PictureBe nice to your flight attendants, otherwise...
I genuinely believe that while passengers are waiting for flights at the gates, airlines should play nothing but crash videos on their lounge TVs.   Let's remind travelers just of why their tickets cost so much, and show them the delicate-dance of pilots & air traffic control...and what happens if someone fucks up.  Rather than CNN, let's explain to frequent flyers of how just one small thing - a bad bolt, a fritz-y sensor, or a poor choice of words - can lead to a real life Airport movie...only without Charles Heston on a rope.  Broken bones, flaming debris, a blood-covered drink cart thrown 500 feet from the scene.  At the very least, we'll get that little girl to piss her pants on the ground where it's safe - rather than a dangerous taxiway.

Yes, this is a good idea.  And the more that I think about it, the further I think we should go.  

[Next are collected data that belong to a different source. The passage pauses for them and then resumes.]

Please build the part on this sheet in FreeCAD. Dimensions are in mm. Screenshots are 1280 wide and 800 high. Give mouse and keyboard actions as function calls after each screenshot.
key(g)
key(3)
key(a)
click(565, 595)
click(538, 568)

Taking a cue from local police on prom weekend (where they plop a drunk driver's wrecked car on the playground), I think we should scare air travelers straight by displaying wrecked planes in the terminals. Smiling airline employees can explain: "This was flight 1702, brought down because angry passengers demanded that the pilot attempt a landing in bad weather.  Notice the dents in the cabin ceiling, where skulls impacted at 5oomph.  If you look closely at this one, you can still see bits of hair and scalp."

PictureBlow me!
(Chuckling.)  Well, as I learned from Michael Crichton's Airframe, all airline crashes - no matter how disastrous - are eventually summed up by a few short sentences within an FAA report.  With that in mind, here are a few things that I've learned from watching Air Crash Investigation:

1. Even if the pilot's kid asks nicely, don't let him steer a $50,000,000 Airbus when flying over Siberian mountains.

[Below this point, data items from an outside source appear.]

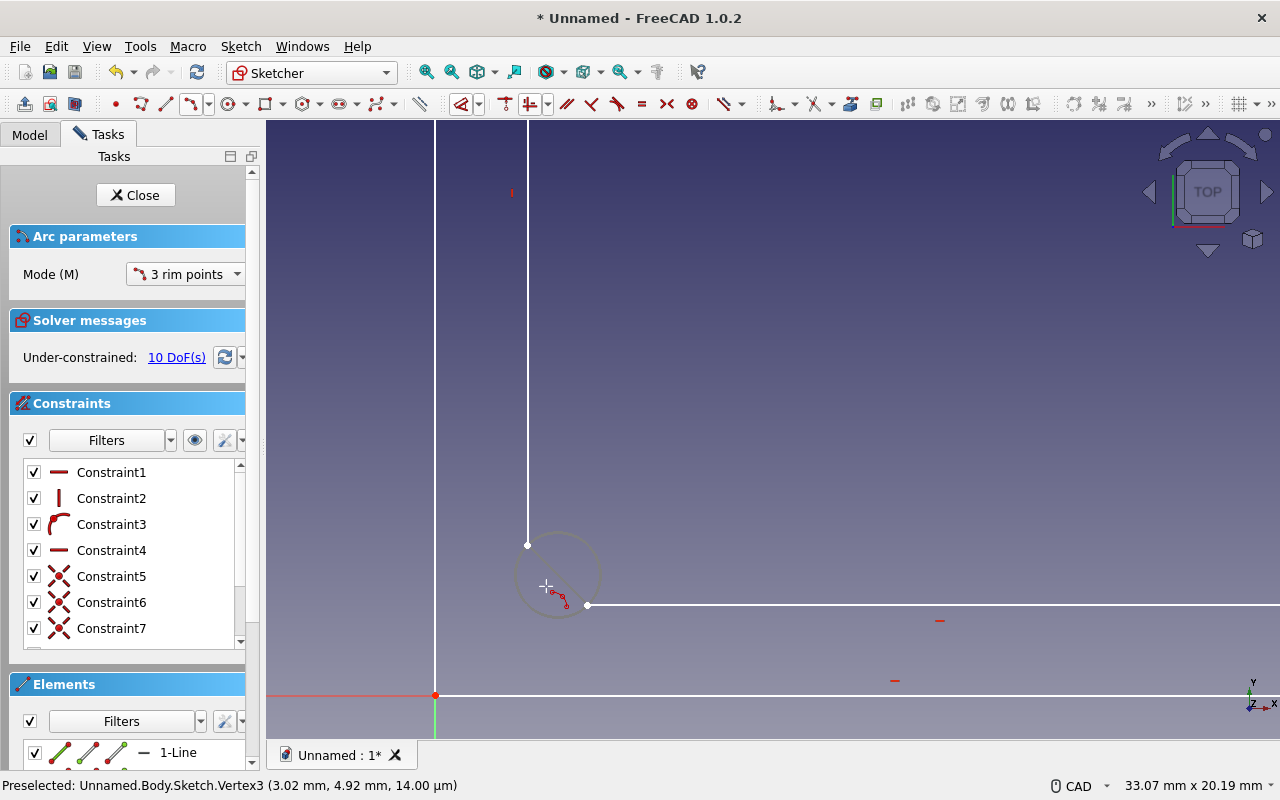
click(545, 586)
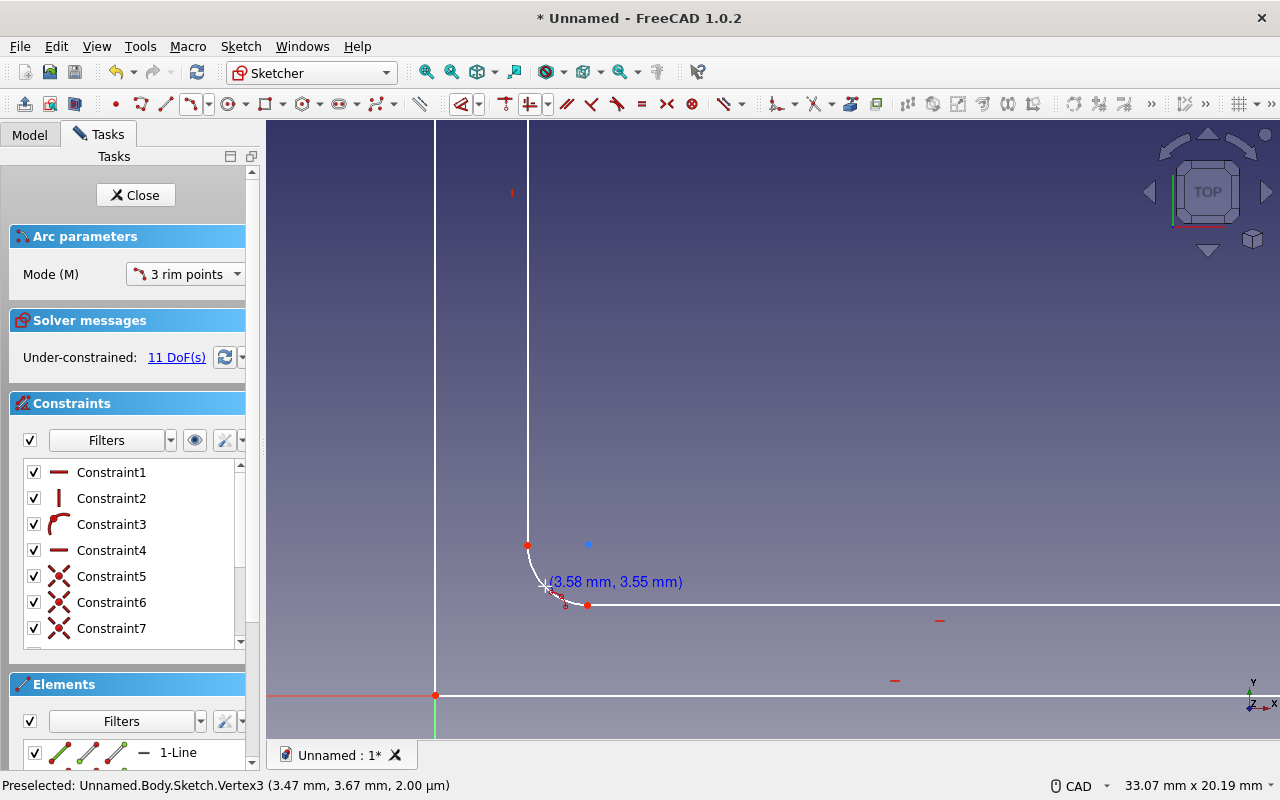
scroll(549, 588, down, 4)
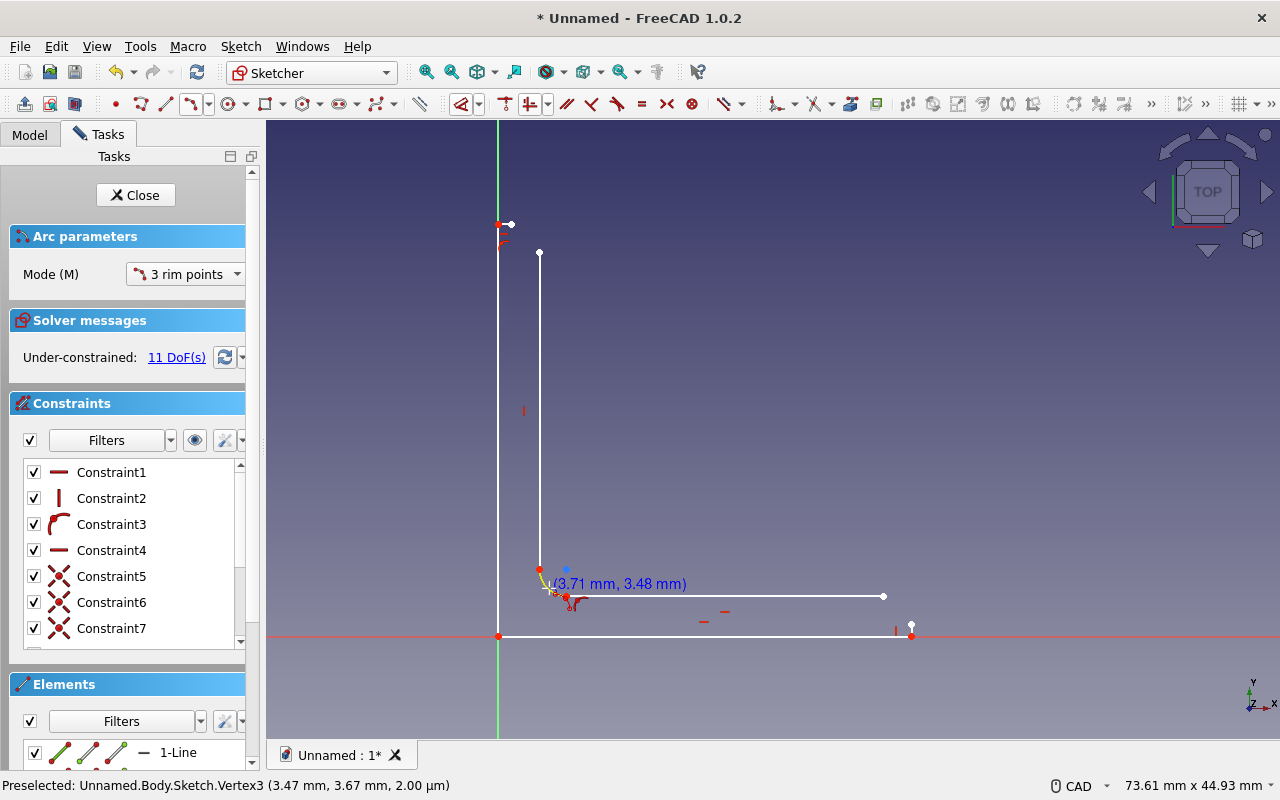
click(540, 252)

2. Always wait for tower clearance before attempting to take off in your 747 (in fog, fully loaded with fuel/passengers) when another fully loaded 747 is on the same runway.

3. If every single cockpit instrument/alarm is telling you "Terrain! Terrain! Terrain!," you should probably pay attention.

And speaking of paying attention, we all might want to do the same the next time our flight attendants go through their safety speech at the beginning of our next flight.  Even if we don't learn anything new, it's good to show our airline staff a little bit of respect - 

Especially if in our final fiery moments, we'd like one last glass of $12 Gallo wine...before arriving at that great airport in the sky.